Proposition 2 would fund classroom additions and targeted building expansions (about $21,000,000 total). The committee estimates roughly half of that cost can be covered from capital reserves and state aid; the remaining roughly $10,700,000 would carry a partial tax impact. Under the plan, Cornwall Elementary School would gain eight classrooms (a stacked four‑over‑four addition), Cornwall On Hudson would receive a cafeteria/kitchen renovation that creates new classroom space, and the middle school would add three classrooms by connecting its B and C wings.

Proposition 3 would finance athletic‑field work, including relocating baseball and softball fields, installing synthetic turf for multi‑sport use, drainage and retaining‑wall work, lighting and dugouts. That proposition is estimated at $14,600,000 and would require new tax levy funding; it can only pass if Propositions 1 and 2 also pass under the ballot’s waterfall structure.

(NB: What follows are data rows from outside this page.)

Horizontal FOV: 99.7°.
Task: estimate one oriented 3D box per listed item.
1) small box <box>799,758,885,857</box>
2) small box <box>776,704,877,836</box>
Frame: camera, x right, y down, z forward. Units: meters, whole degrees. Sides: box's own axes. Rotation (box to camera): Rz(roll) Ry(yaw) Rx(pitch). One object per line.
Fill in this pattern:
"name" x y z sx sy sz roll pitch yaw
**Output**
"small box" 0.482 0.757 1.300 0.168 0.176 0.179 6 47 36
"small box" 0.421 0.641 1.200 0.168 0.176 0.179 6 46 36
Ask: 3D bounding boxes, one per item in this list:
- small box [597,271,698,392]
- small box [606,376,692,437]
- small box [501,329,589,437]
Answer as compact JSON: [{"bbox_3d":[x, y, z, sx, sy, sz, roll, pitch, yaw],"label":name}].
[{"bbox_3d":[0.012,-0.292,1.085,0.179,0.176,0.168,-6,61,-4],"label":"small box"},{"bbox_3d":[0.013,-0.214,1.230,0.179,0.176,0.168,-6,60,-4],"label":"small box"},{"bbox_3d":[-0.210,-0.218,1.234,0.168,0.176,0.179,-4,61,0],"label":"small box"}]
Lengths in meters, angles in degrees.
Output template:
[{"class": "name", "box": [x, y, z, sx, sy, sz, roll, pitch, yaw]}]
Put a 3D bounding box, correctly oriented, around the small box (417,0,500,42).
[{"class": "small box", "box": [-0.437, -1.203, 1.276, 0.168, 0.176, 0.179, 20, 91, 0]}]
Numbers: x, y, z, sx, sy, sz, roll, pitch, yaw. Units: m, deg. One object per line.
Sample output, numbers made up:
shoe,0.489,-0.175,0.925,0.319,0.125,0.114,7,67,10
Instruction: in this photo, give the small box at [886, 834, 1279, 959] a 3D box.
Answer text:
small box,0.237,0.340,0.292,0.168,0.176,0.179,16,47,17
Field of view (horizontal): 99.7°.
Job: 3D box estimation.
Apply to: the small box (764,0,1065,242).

District staff outlined sequence and design logic. Walter Moran, the district’s director of facilities, said the middle‑school kitchen is structurally failing; the recommended approach is to build a new cafeteria and kitchen first so food service remains uninterrupted while the old kitchen is renovated and repurposed for instructional space. Moran also emphasized code‑driven items such as backflow preventers and fire‑safety devices that the district must install.

Carty provided household tax‑impact examples using a $300,000 assessed value as a marker: Proposition 2’s remaining tax portion was shown as about $180 per year (about $15/month) and Proposition 3 at roughly $225.10 per year (about $18.75/month); if all three propositions passed, the combined additional cost was estimated around $405 per year (about $34/month). Carty noted that the board will vote on final proposition language at its upcoming meeting and the district will publish the forum’s presentation slides online for public review.

The next procedural steps include a board vote to finalize propositions (the board meeting was scheduled for the 23rd) and the public vote on May 19 between 6 a.m. and 9 p.m.